As a candidate, Trump excoriated his predecessor for slow growth in American workers’ incomes. “Household incomes are over $4,000 less today than they were 16 years ago,” he said during a campaign rally in Pensacola, Florida, in September 2016. “We’ll get your salaries and your wages up, up, up.” Workers are still waiting. By a margin of 58 percent to 38 percent, U.S. voters believe the Trump administration isn’t doing enough to help middle-class Americans, according to a Quinnipiac University poll released Aug. 14.
Trump has been telling voters that wages already are rising at historic rates, though economic data don’t show it. In various recent speeches, he has falsely claimed that wages are going up for the first time in 18 years, 19 years, 20 years, 21 years and 22 years. “We have so many jobs now coming in, but they’re raising wages,” Trump said last month at a roundtable event in Iowa. “The first time that’s happened in 19 years, where wages are going up.” Average hourly earnings — not accounting for inflation — rose 2.7 percent in July from a year earlier, the same pace as the 12-month period before Trump’s election. They’ve been rising at an average 2.2 percent pace since the recession ended in mid-2009. Trump’s claim is also belied by other measures of wages often used by economists, including the employment cost index and the Federal Reserve Bank of Atlanta’s wage-growth tracker.

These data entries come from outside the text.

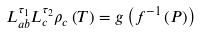Convert formula to latex. <formula><loc_0><loc_0><loc_500><loc_500>L _ { a b } ^ { \tau _ { 1 } } L _ { c } ^ { \tau _ { 2 } } \rho _ { c } \left ( T \right ) = g \left ( f ^ { - 1 } \left ( P \right ) \right )</formula> 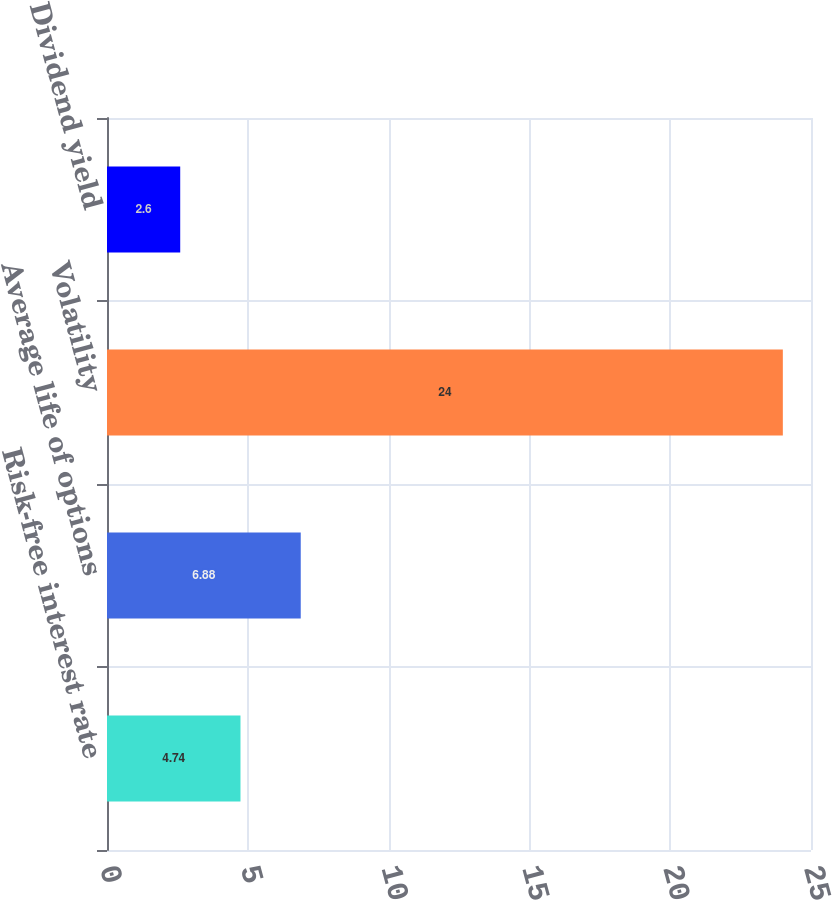Convert chart to OTSL. <chart><loc_0><loc_0><loc_500><loc_500><bar_chart><fcel>Risk-free interest rate<fcel>Average life of options<fcel>Volatility<fcel>Dividend yield<nl><fcel>4.74<fcel>6.88<fcel>24<fcel>2.6<nl></chart> 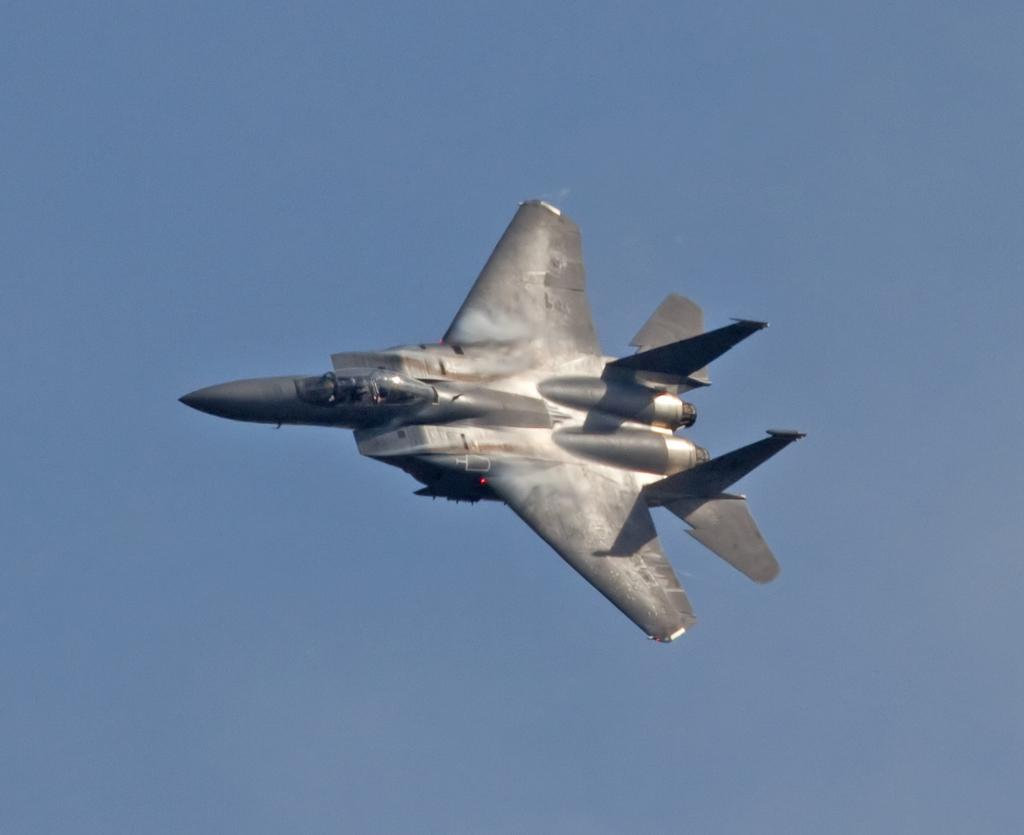What is the main subject of the image? The main subject of the image is an aircraft. What color is the aircraft? The aircraft is black in color. What is the aircraft doing in the image? The aircraft is flying in the air. What can be seen in the background of the image? The sky is visible in the background of the image. Can you tell me how many snakes are coiled around the aircraft in the image? There are no snakes present in the image; the aircraft is flying in the air without any snakes.

Tepid wage growth throughout the current economic expansion also bedeviled the Obama administration and remains one of the biggest challenges even with unemployment near the lowest level since 1969. On top of that, workers are failing to reap benefits of legislation cutting corporate taxes, an outcome predicted by some economists before Congress passed the law in December. “It was our expectation that the major elements of the tax plan likely wouldn’t trickle down into stronger wages for the average worker,” said Michael Gapen, chief U.S. economist at Barclays Plc. “It was more likely to go as returns to shareholders.”
Companies in the S&P 500 index are set to authorize $1 trillion in stock buybacks in 2018, a record and a 46 percent jump from last year, according to an estimate this month from Goldman Sachs Group Inc. Only 37 percent of Americans approve of the tax package, compared to 45 percent who disapprove, according to a Monmouth University poll released Aug. 20. Such unpopularity is hampering Republicans who had hoped the law would give them a boost in midterm elections. One in four Americans don’t think they’re “at least doing OK” financially, and more than one in five respondents said they were unable to pay the current month’s bills in full, according to the results of a late 2017 Fed survey released in May. “People that depend on wages — and that’s essentially almost everyone except higher-income or higher-wealth individuals — are not seeing as much benefit from this economy,” said Gregory Daco, head of U.S. macroeconomics at Oxford Economics in New York. “People at the lower end of the income spectrum are actually more constrained.”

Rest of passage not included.